And so the story is revealed by what the characters choose to tell one another, and by their silences, and by other words underlying everything they say. Our own lack of insight providing another kind, a certain objectivity illuminating how intentions can be misread, the limits of perspective, and a realistic experience of these characters as actual people without their details written on their sleeves. Their true natures requiring not so much decoding as careful reading, almost listening. This bringing forth an engagement with the novel that renders the quietness and subtlety absolutely no such thing, magnifying every single event.
Marilynne Robinson is a majestic writer. Of all the bits I underlined, my favourite remains, “They sat on the arms of their mother’s overstuffed chair while she read to them, and they huing over the back of it, and they pinched and plucked at its plushy hide. If the nub of a feather poked through, they would pull it out and play with it, a dry little plume of down, sometimes unbroken.” Or when, after a lot of thought about dumplings good or bad, Glory concedes that perhaps the word dumplings is better than dumplings themselves.

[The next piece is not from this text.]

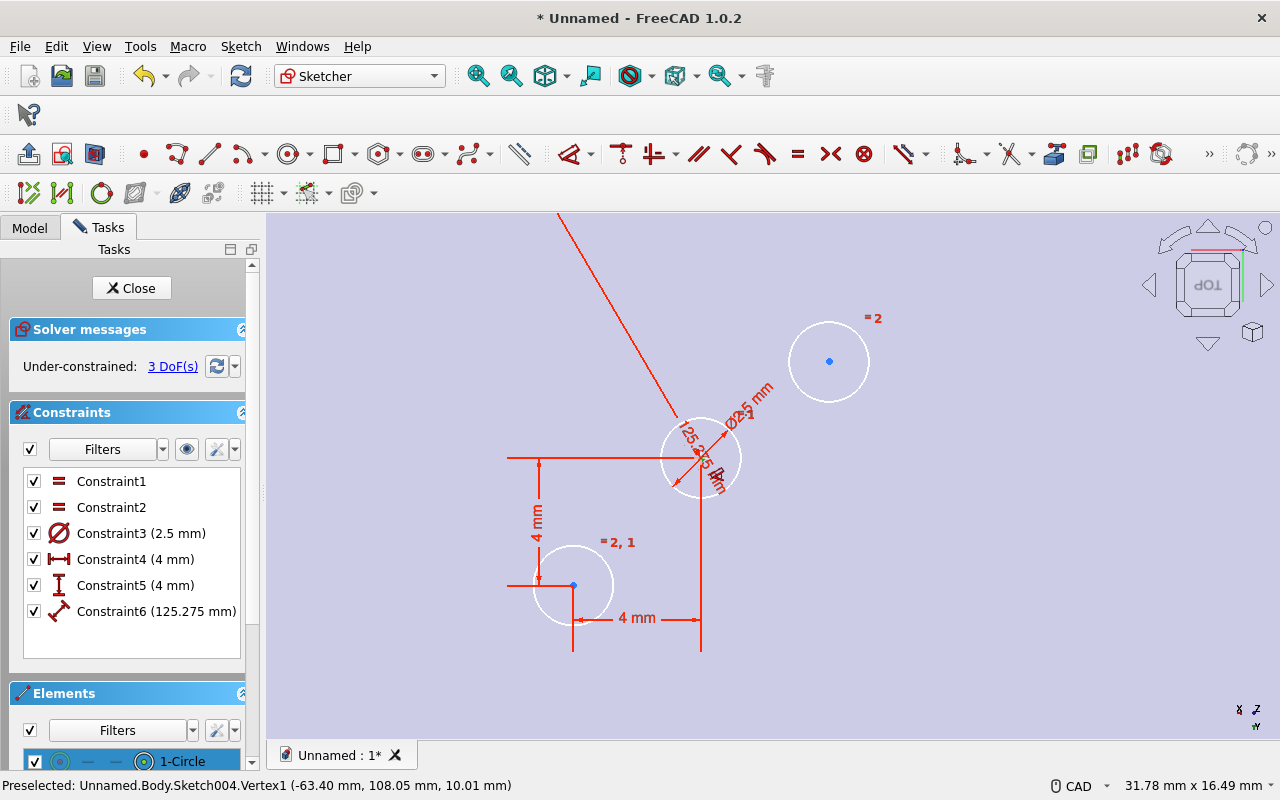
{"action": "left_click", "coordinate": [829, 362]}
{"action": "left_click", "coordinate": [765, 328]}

Robinson’s new novel is a gorgeous story of homecoming, exploring the nature of home itself, our histories, and the stubborn nature of family love– the bond that just can’t help itself.
July 17, 2008
Everyday I violate some principles
So at the end of June, I vowed not to buy another book until September. (I haven’t announced this officially, hoping to avoid driving book stock further into the toilet). Because I have 27 books on my books unread shelf, I’m rereading all summer, and also because I feared that my book buying had become compulsive, and I wanted to prove that it wasn’t. I couldn’t. I already bought a book on Monday, and then I did it again today. But then how could I not have, for this is not just any book. Sigh, but when is it ever?
I’d never heard of Toronto: A Literary Guide until today, when it appeared in the window of a used bookshop calling my name. Published in 1999 by Greg Gatenby (of the International Festival of Authors), this sweet tome is a perfect catalogue of all the places writers have lived or visited, written or read, or congregated together in Toronto. Broken down by neighbourhood, written in a non-cataloguey convivial tone, with fabulous details, context, historical fact, dealing with writers working in a variety of genres, dating back to the nineteenth century. Page upon page of lives.
Let’s take my neighbourhood, “South Annex”, or a one-block radius of my house, to break it down more. Major Street has been home to writers M.T. Kelly, Janet Hamilton, Howard Engel, Albert E.S. Smythe, Aviva Layton, Leon and Constance Rooke, Michael Ondaatje and Linda Spalding, Charles Tidler and Martyn Burke. Gwendolyn MacEwen lived around the corner on Robert. The marvelous house at 84 Sussex was home of the new press in the early ’70s. Greg Hollingshead and John Bemrose lived there as well. Brunswick Ave. has been home to Janice Kulyk Keefer, Olive Senior, Maggie Helwig, Adele Wiseman, David French, Erika Ritter, and Karen Mulhallen. Do note these details (whose prose is far more charming than I let on here) take up three pages of 622. Which means that my neighbourhood is fabulous, and this book is tremendously rich.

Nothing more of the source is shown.